What you need to do:
Among the lines below, count those that include "list", and state the count alone.

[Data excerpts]

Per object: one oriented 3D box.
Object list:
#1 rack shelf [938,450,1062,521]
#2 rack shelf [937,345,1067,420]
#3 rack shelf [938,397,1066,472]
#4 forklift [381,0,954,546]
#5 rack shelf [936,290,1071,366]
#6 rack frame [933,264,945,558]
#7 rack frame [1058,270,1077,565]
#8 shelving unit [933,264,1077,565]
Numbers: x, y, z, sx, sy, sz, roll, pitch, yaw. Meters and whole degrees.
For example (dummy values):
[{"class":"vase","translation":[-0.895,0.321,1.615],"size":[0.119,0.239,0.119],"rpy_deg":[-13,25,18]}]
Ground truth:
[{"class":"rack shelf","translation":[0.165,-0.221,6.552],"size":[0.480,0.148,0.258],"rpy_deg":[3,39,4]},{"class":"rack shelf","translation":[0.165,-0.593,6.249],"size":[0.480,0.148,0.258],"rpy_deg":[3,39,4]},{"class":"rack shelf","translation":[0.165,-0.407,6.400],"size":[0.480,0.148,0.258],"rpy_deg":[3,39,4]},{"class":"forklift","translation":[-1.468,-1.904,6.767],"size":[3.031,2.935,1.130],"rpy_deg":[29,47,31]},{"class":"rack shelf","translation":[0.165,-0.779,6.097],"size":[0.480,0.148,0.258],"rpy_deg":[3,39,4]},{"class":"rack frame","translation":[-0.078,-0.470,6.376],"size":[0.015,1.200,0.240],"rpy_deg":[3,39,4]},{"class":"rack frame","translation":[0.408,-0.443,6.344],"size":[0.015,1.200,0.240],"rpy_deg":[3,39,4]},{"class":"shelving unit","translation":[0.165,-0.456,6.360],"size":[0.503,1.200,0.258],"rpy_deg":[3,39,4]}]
==
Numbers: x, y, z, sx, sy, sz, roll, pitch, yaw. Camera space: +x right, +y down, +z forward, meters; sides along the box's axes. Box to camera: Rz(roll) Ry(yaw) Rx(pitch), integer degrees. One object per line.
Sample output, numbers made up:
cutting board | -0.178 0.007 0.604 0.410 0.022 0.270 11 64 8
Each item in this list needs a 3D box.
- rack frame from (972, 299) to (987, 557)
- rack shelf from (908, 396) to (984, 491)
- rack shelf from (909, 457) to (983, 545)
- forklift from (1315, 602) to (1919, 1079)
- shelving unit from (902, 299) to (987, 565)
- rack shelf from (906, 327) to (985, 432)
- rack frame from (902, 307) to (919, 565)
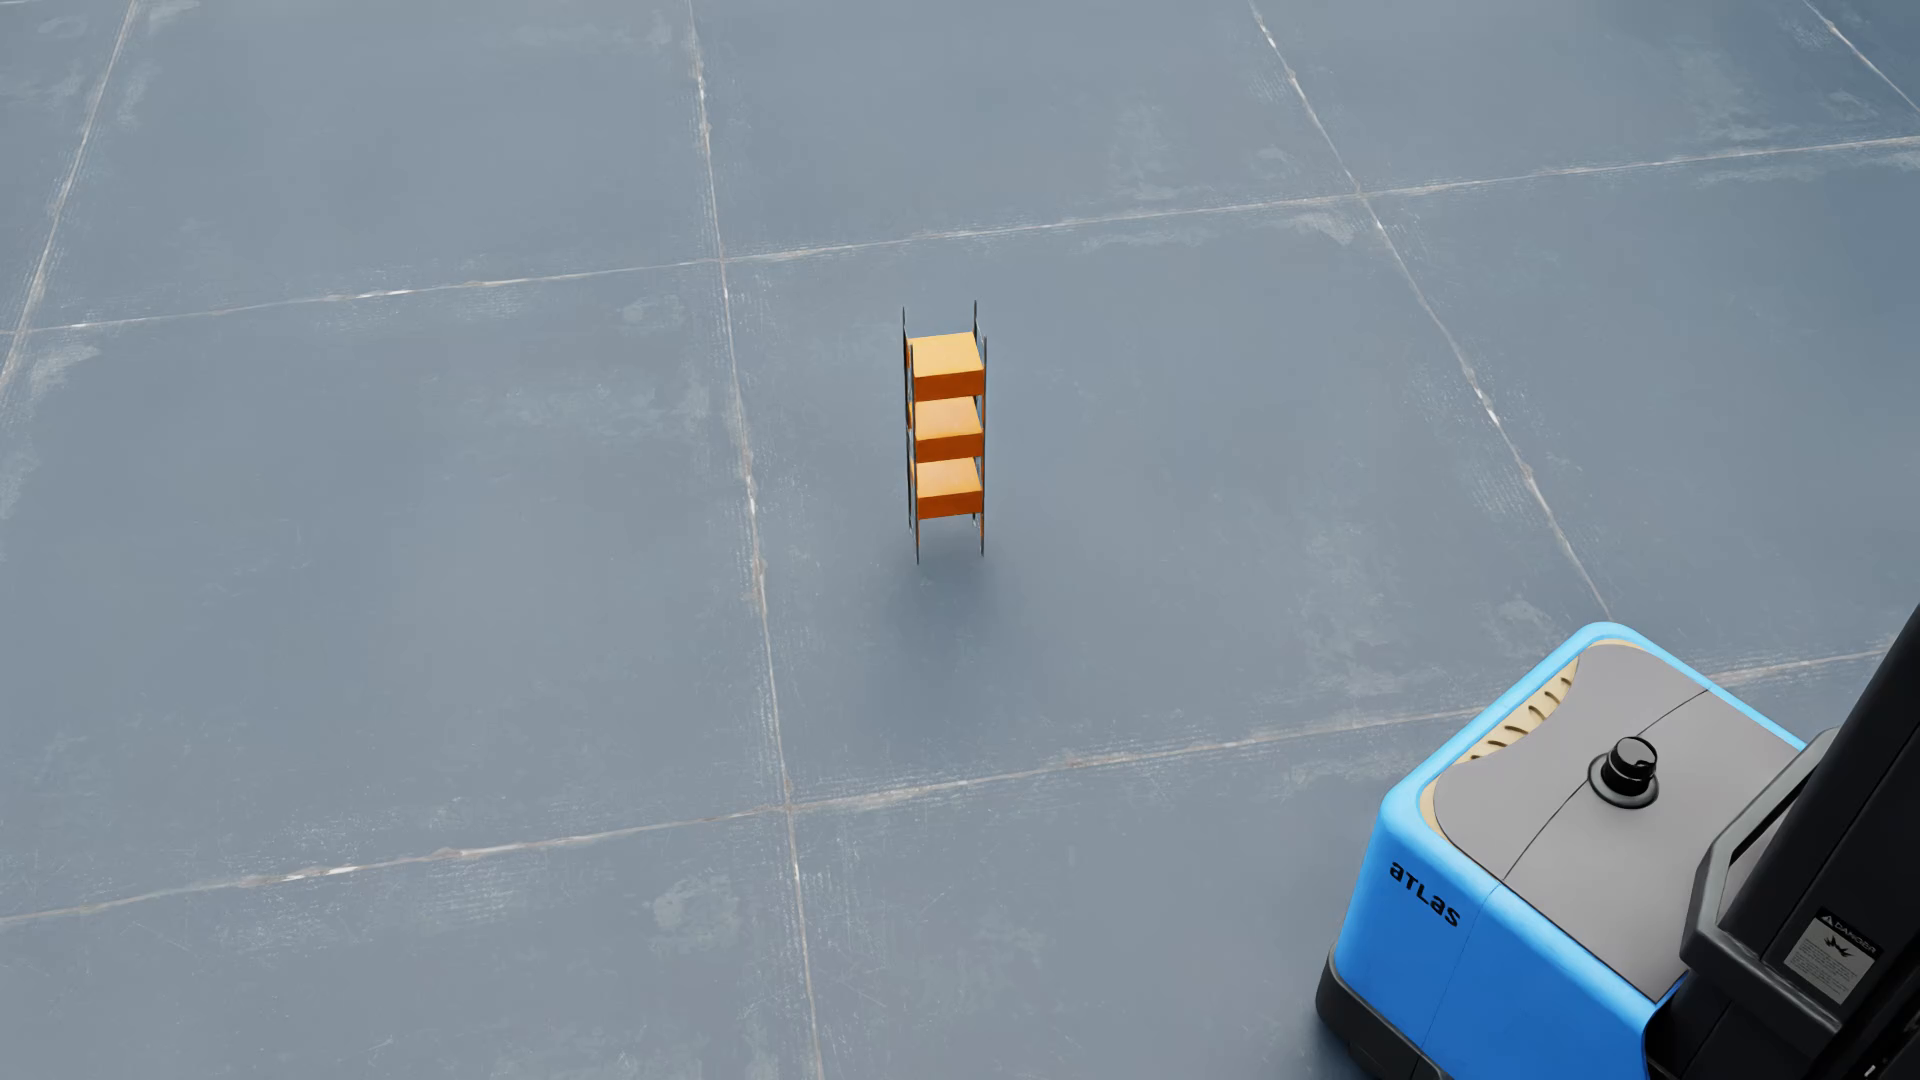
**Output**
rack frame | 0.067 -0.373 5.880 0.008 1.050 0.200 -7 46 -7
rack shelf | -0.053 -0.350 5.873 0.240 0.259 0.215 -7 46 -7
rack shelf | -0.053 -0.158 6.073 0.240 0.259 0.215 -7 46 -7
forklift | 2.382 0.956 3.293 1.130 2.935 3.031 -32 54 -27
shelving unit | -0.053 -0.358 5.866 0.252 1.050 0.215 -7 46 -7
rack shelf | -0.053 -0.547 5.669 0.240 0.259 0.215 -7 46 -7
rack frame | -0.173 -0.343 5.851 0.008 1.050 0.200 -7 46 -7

Answer for this exercise:
2